Weight-based dosing.

Step 5: Bedside Safety Checks

Identity, unit number, compatibility.

Step 6: Monitor and Document

Before, during, and after the transfusion.

Step 7: Reassess

A post-transfusion Hb should be checked only when clinically necessary.

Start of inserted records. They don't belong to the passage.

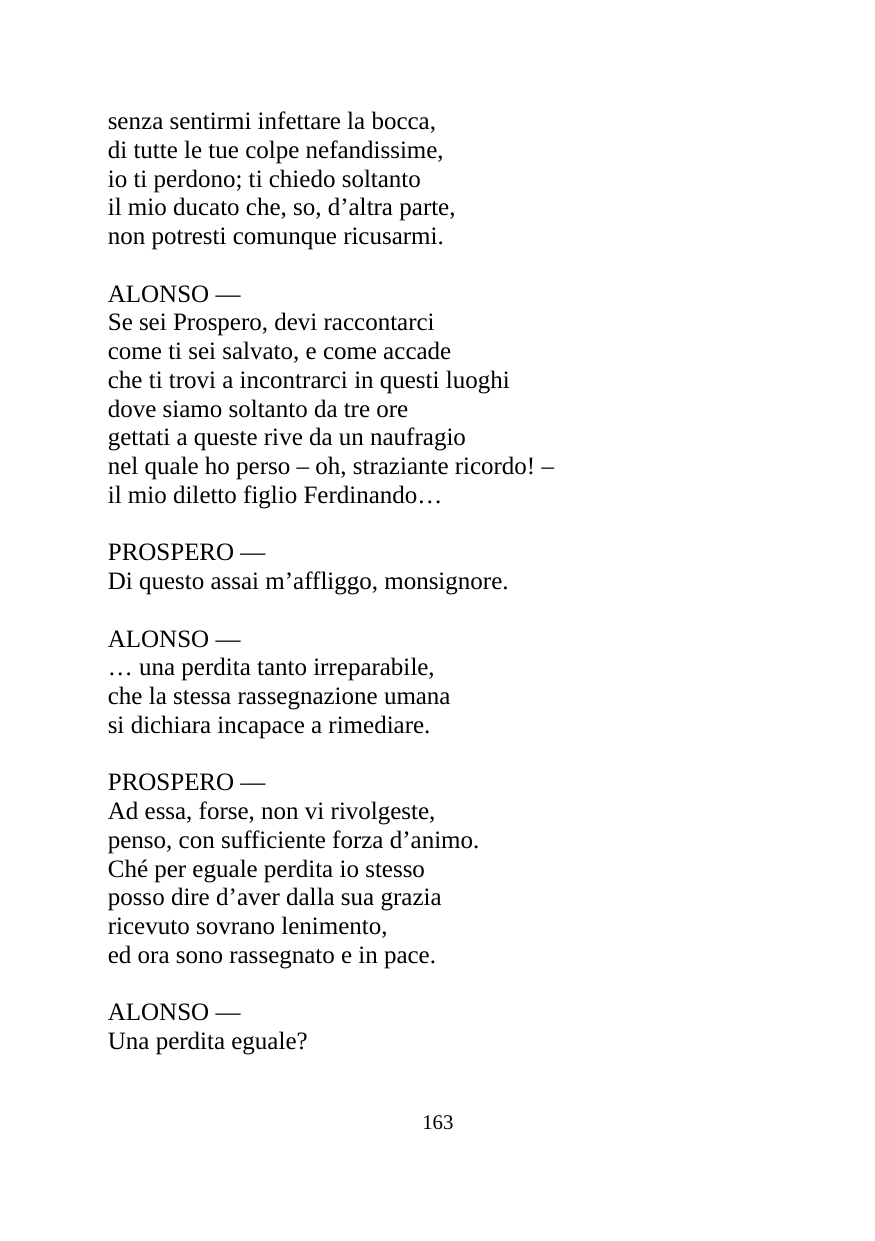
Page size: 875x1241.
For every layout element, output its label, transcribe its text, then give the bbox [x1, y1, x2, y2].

text ed ora sono rassegnato e in pace. [108, 940, 768, 969]
text ricevuto sovrano lenimento, [108, 911, 768, 940]
text ALONSO — [108, 624, 768, 652]
text ALONSO — [108, 279, 768, 307]
text Una perdita eguale? [108, 1026, 768, 1055]
text PROSPERO — [108, 537, 768, 566]
text … una perdita tanto irreparabile, [108, 652, 768, 681]
text il mio diletto figlio Ferdinando… [108, 480, 768, 509]
text non potresti comunque ricusarmi. [108, 221, 768, 250]
text Se sei Prospero, devi raccontarci [108, 307, 768, 336]
text si dichiara incapace a rimediare. [108, 710, 768, 739]
text PROSPERO — [108, 767, 768, 796]
text ALONSO — [108, 997, 768, 1026]
text gettati a queste rive da un naufragio [108, 422, 768, 451]
text Di questo assai m’affliggo, monsignore. [108, 566, 768, 595]
text posso dire d’aver dalla sua grazia [108, 882, 768, 911]
text dove siamo soltanto da tre ore [108, 394, 768, 422]
text senza sentirmi infettare la bocca, [108, 106, 768, 135]
text come ti sei salvato, e come accade [108, 336, 768, 365]
text il mio ducato che, so, d’altra parte, [108, 192, 768, 221]
text io ti perdono; ti chiedo soltanto [108, 164, 768, 192]
text che ti trovi a incontrarci in questi luoghi [108, 365, 768, 394]
text Ché per eguale perdita io stesso [108, 854, 768, 882]
text che la stessa rassegnazione umana [108, 681, 768, 710]
text nel quale ho perso – oh, straziante ricordo! – [108, 451, 768, 480]
text penso, con sufficiente forza d’animo. [108, 825, 768, 854]
text di tutte le tue colpe nefandissime, [108, 135, 768, 164]
text Ad essa, forse, non vi rivolgeste, [108, 796, 768, 825]

78.13 Key Points for Exams and Clinical Practice

  • PRBC dose: 10–15 mL/kg raises Hb by 1–2 g/dL.
  • Whole blood for massive haemorrhage: 20 mL/kg.
  • Platelets indicated when platelets <10 × 10⁹/L without bleeding.
  • Never use FFP for nutritional anaemia or volume expansion.
  • Neonates require fresh, CMV-reduced, irradiated blood.
  • In Ghana, severe malaria is the leading cause of paediatric transfusion.
  • Monitor closely for TACO and TRALI.
  • Document all transfusion reactions and report to hospital transfusion committee.

78.14 Further Reading

  1. WHO. Guidelines on the Use of Blood and Blood Products. Geneva: World Health Organization.
  2. Klein HG, Anstee DJ. Mollison’s Blood Transfusion in Clinical Medicine, 13th ed.
  3. West African College of Physicians (WACP). Curriculum for Paediatrics.
  4. National Blood Service, Ghana. Guidelines for Clinical Transfusion Practice.
  5. Roback JD et al. Technical Manual of the American Association of Blood Banks (AABB), 20th ed.
  6. Bates I et al. “Transfusion in Sub-Saharan Africa: Challenges and Solutions.” Lancet.